Tem projetos que eu não posso detalhar, mas posso dizer o tipo de coisa que eu tenho construído:
- plataformas internas
- ferramentas de inteligência
- sistemas de dados
- CRM com visão 360
- soluções voltadas para empresas e operações
O vibe coding virou um catalisador. Ele não fez eu abandonar engenharia. Ele fez eu aplicar engenharia em mais coisas, em menos tempo.
O que eu aprendi depois dessa jornada toda
Se eu pudesse resumir minha visão hoje em algumas frases, seriam essas:
- IA não substitui método, mas acelera método com violência
- Vibe coding não é preguiça, é velocidade com direção
- Ferramenta boa não salva processo ruim
- SEO não é só conteúdo, é renderização, estrutura e rastreabilidade
- Quem domina base técnica e IA vira uma máquina de lançar e iterar
Eu gosto de pensar que o vibe coding fez duas coisas em mim:
Primeiro, ele me devolveu aquela sensação de “criança em loja de brinquedo” que todo dev já teve um dia. A sensação de que é possível criar.
Segundo, ele me obrigou a ficar ainda mais profissional, porque quando você acelera, seus erros também aceleram. Então você precisa de padrão, de disciplina e de ferramenta certa na hora certa.
Hoje, meu fluxo é simples:
Eu uso IA para começar rápido.
Eu uso Cursor para finalizar direito.
E eu uso ferramentas como o IndexCheck para não deixar a parte invisível matar o projeto.
Porque no fim, criar é bom. Mas criar e ser encontrado é melhor.
E se você chegou até aqui, uma coisa eu posso te garantir: isso tudo ainda está no começo. Quem aprender a unir técnica, produto, SEO e IA vai construir coisas que a gente nem imaginava alguns anos atrás.
FAQ
O que é vibe coding?
Vibe coding é desenvolver com inteligência artificial como copiloto para acelerar protótipos, iteração e entrega. O foco é velocidade com direção, não copiar e colar código.
Vibe coding é a mesma coisa que usar IA para programar?
Não. Usar IA pode ser só gerar trechos ou ideias, vibe coding é um fluxo completo com método, revisão e padrão técnico.
Vibe coding funciona para desenvolvedores experientes?
Sim. Quem tem base técnica costuma extrair mais valor porque sabe pedir, revisar e corrigir com precisão.
Vibe coding serve para quem está começando?
Serve, mas exige cuidado. Sem fundamentos, a pessoa tende a aceitar código frágil e ter problemas de manutenção, segurança e performance.
Qual é a diferença entre gerar código e construir software?
Gerar código é produzir trechos que “parecem funcionar”. Construir software é organizar, testar, manter, escalar e garantir qualidade do projeto.
Quais ferramentas eu uso no meu fluxo de vibe coding?
Eu estudo referências de layout no Dribbble, prototipo em Gemini, Emergent ou Lovable e finalizo no Cursor. Depois valido rastreabilidade e SEO com o IndexCheck.one.
Por que SEO é difícil em projetos vibe coding feitos em React?
Porque muitos projetos React são SPA e entregam HTML inicial vazio.

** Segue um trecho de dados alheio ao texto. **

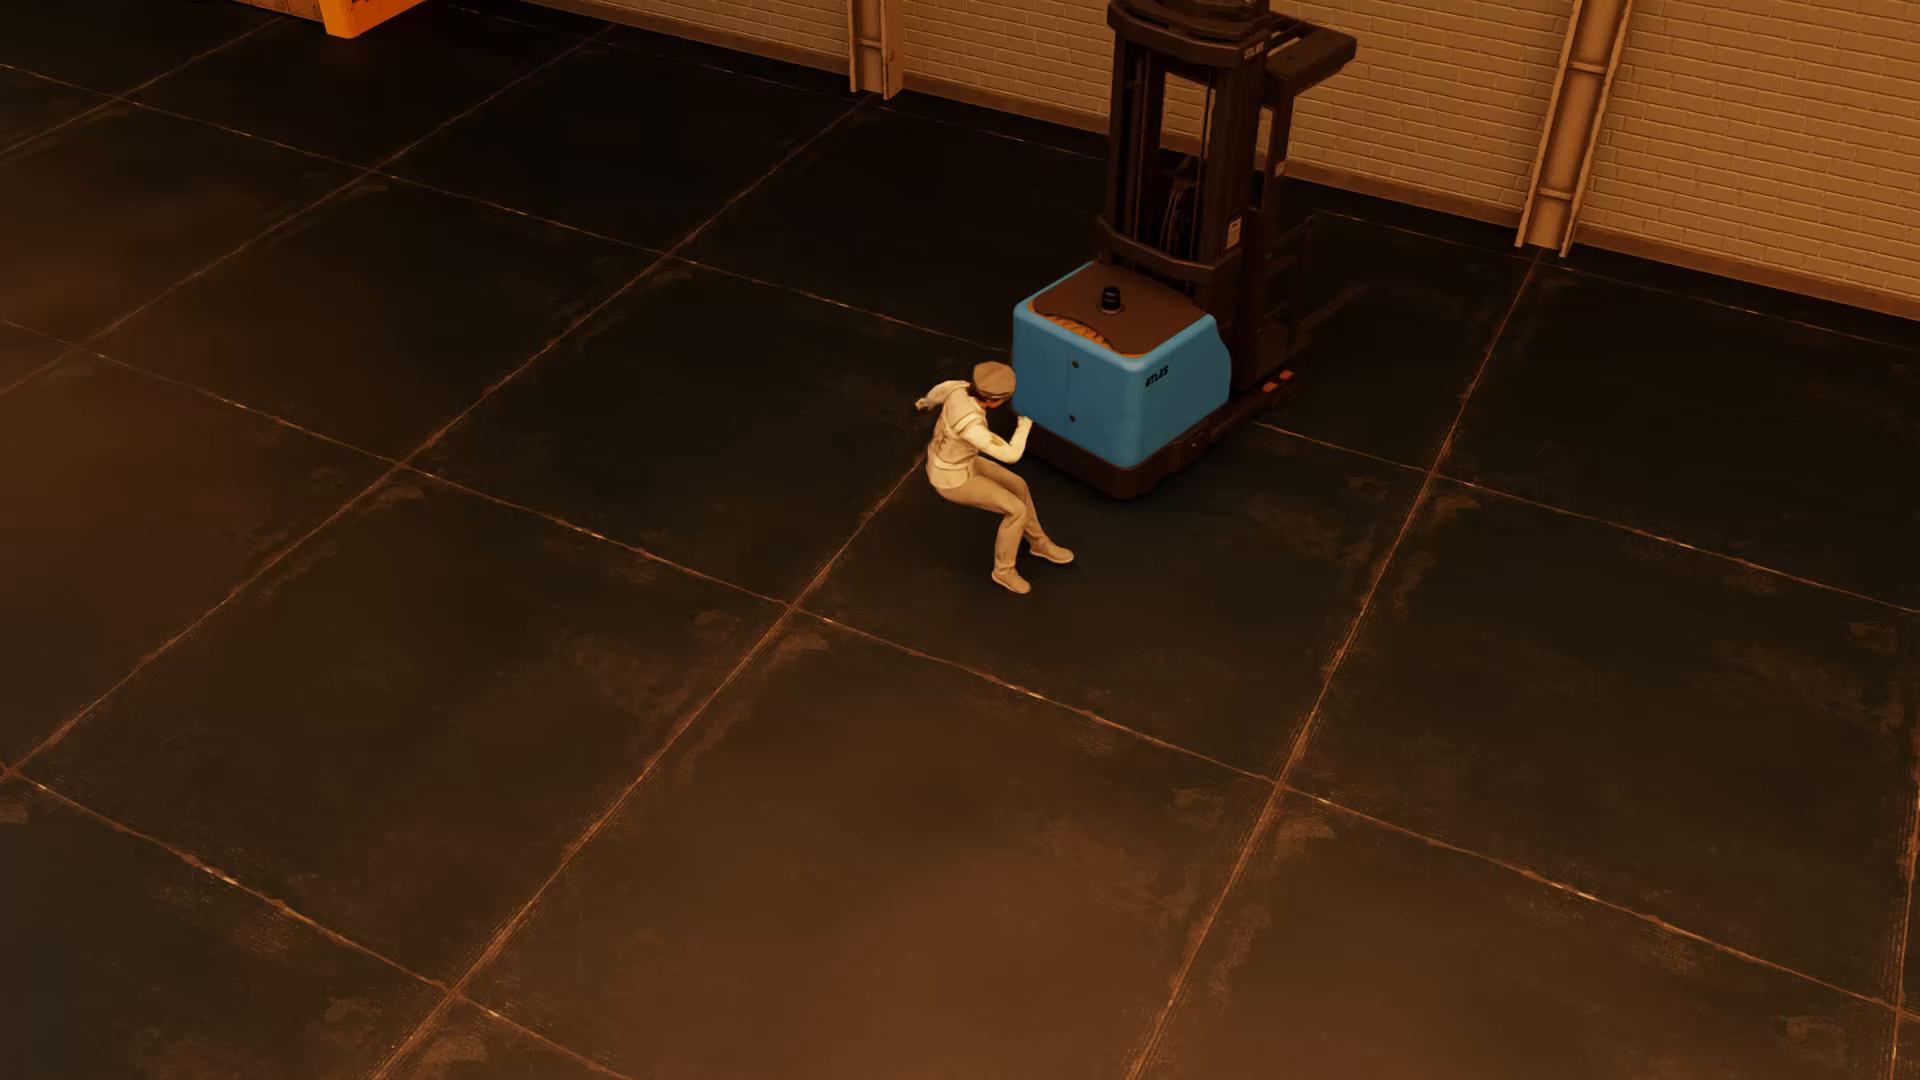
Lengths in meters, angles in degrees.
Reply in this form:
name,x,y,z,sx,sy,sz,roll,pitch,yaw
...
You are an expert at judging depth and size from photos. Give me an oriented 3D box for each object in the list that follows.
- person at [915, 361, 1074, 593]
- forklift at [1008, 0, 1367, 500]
name,x,y,z,sx,sy,sz,roll,pitch,yaw
person,0.217,-0.494,9.831,0.900,1.416,0.995,-3,40,-4
forklift,1.689,-2.234,10.639,1.130,2.935,3.031,31,49,31

Se o conteúdo só aparece após a hidratação via JavaScript, o rastreador pode indexar mal ou demorar para indexar.
O que significa “hidratação” no React?
Hidratação é quando o JavaScript executa no navegador e transforma um HTML inicial em uma interface completa. Em SPA, isso pode atrasar ou limitar o conteúdo visível para rastreadores.

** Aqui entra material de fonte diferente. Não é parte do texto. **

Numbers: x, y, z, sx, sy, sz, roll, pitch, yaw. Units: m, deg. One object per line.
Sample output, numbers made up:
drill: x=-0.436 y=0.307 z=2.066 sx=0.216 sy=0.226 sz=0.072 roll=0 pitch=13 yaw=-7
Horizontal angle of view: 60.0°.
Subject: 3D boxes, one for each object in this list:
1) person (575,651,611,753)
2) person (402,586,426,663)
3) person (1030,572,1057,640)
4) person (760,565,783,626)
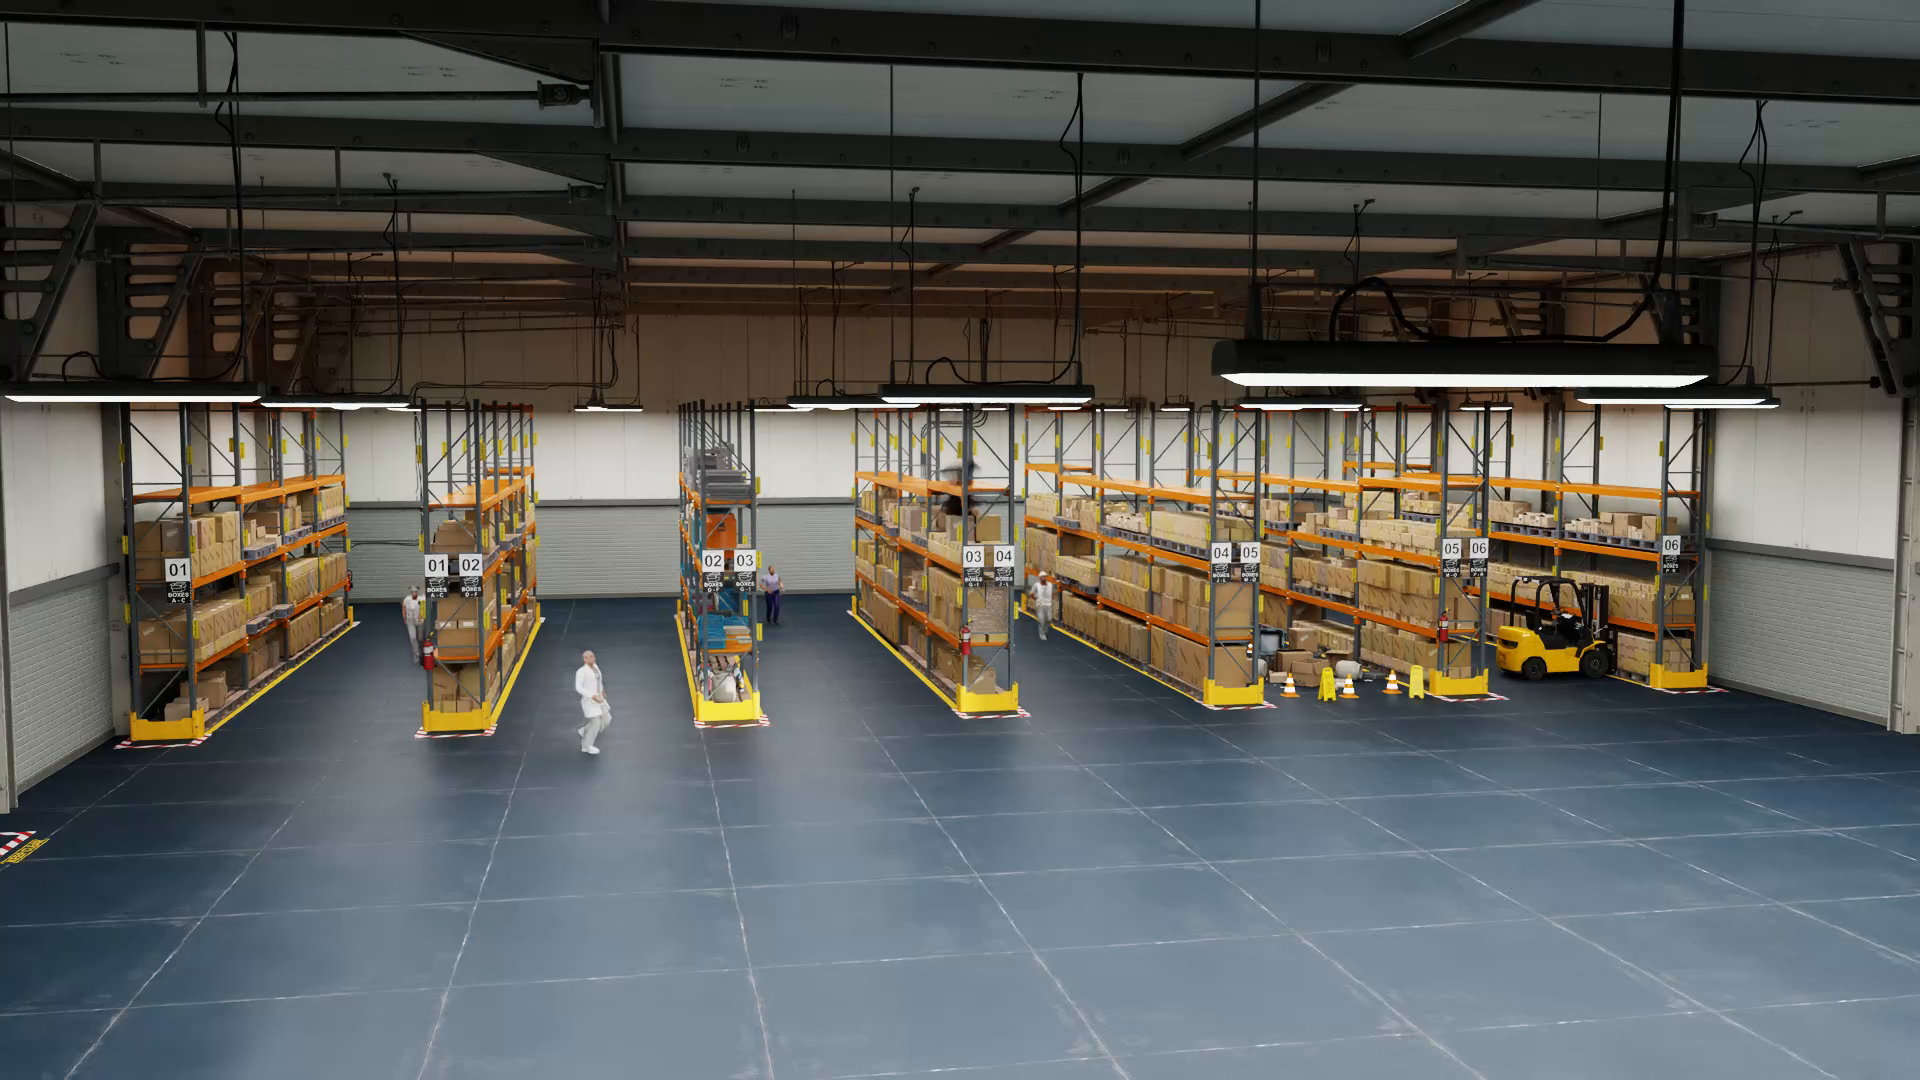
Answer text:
person: x=-6.229 y=2.736 z=28.153 sx=0.570 sy=1.740 sz=0.710 roll=2 pitch=5 yaw=20
person: x=-12.689 y=1.929 z=38.830 sx=0.686 sy=1.776 sz=0.925 roll=0 pitch=4 yaw=-7
person: x=2.124 y=1.673 z=42.268 sx=0.685 sy=1.736 sz=0.599 roll=-1 pitch=4 yaw=-13
person: x=-5.131 y=1.516 z=45.354 sx=0.658 sy=1.656 sz=0.706 roll=-2 pitch=5 yaw=-27

Como saber se meu site entrega HTML inicial vazio?
Verifique o código fonte bruto entregue pelo servidor. Se o conteúdo principal não aparece ali, o site depende de JavaScript para renderizar.
Como resolver SEO em projetos React e vibe coding?

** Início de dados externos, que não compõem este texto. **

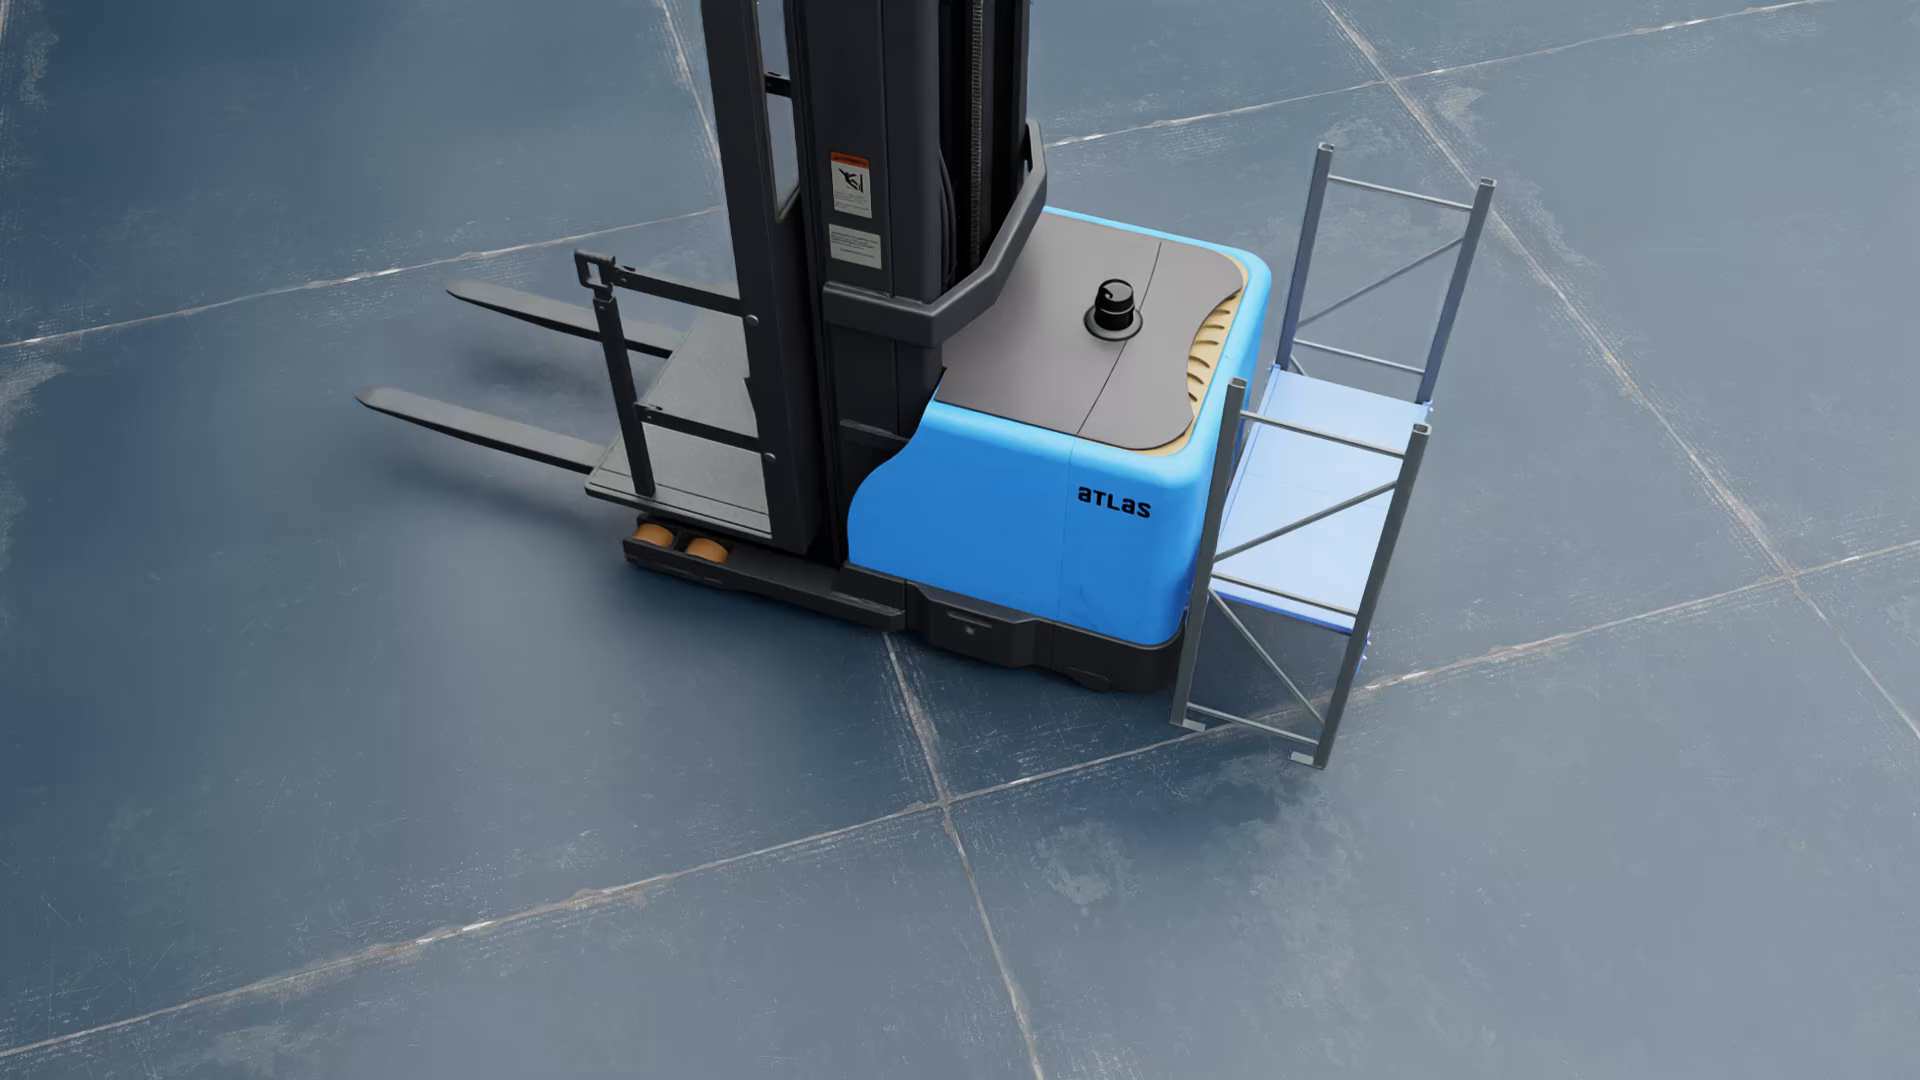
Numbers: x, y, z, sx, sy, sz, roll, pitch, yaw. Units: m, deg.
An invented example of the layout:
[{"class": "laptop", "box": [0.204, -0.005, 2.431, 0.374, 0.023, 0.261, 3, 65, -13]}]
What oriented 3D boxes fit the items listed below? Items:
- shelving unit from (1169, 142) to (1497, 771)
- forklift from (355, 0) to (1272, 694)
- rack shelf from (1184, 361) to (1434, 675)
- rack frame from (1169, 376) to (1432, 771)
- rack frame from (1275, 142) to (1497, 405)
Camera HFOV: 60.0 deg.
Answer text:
[{"class": "shelving unit", "box": [1.079, -0.211, 4.947, 0.538, 1.500, 1.048, 16, 52, 13]}, {"class": "forklift", "box": [-0.606, -1.156, 4.808, 3.031, 2.935, 1.130, 15, 52, 13]}, {"class": "rack shelf", "box": [1.079, -0.095, 5.084, 0.538, 0.185, 1.000, 16, 52, 13]}, {"class": "rack frame", "box": [0.901, 0.153, 4.640, 0.500, 1.500, 0.032, 16, 52, 13]}, {"class": "rack frame", "box": [1.257, -0.575, 5.254, 0.500, 1.500, 0.032, 16, 52, 13]}]

A solução mais comum é usar SSR, SSG ou renderização híbrida para entregar conteúdo no HTML inicial. Depois, ajuste metadados, sitemap, robots, canonical e dados estruturados.
O que é o IndexCheck.one?
IndexCheck.one é uma solução que eu criei para diagnosticar rastreabilidade e indexação, especialmente em projetos modernos com JavaScript. Ele aponta problemas e sugere caminhos técnicos para corrigir.
Vibe coding vai substituir desenvolvedores?
Não. Ele muda o jogo e acelera produção, mas qualidade ainda depende de repertório, revisão e decisões técnicas.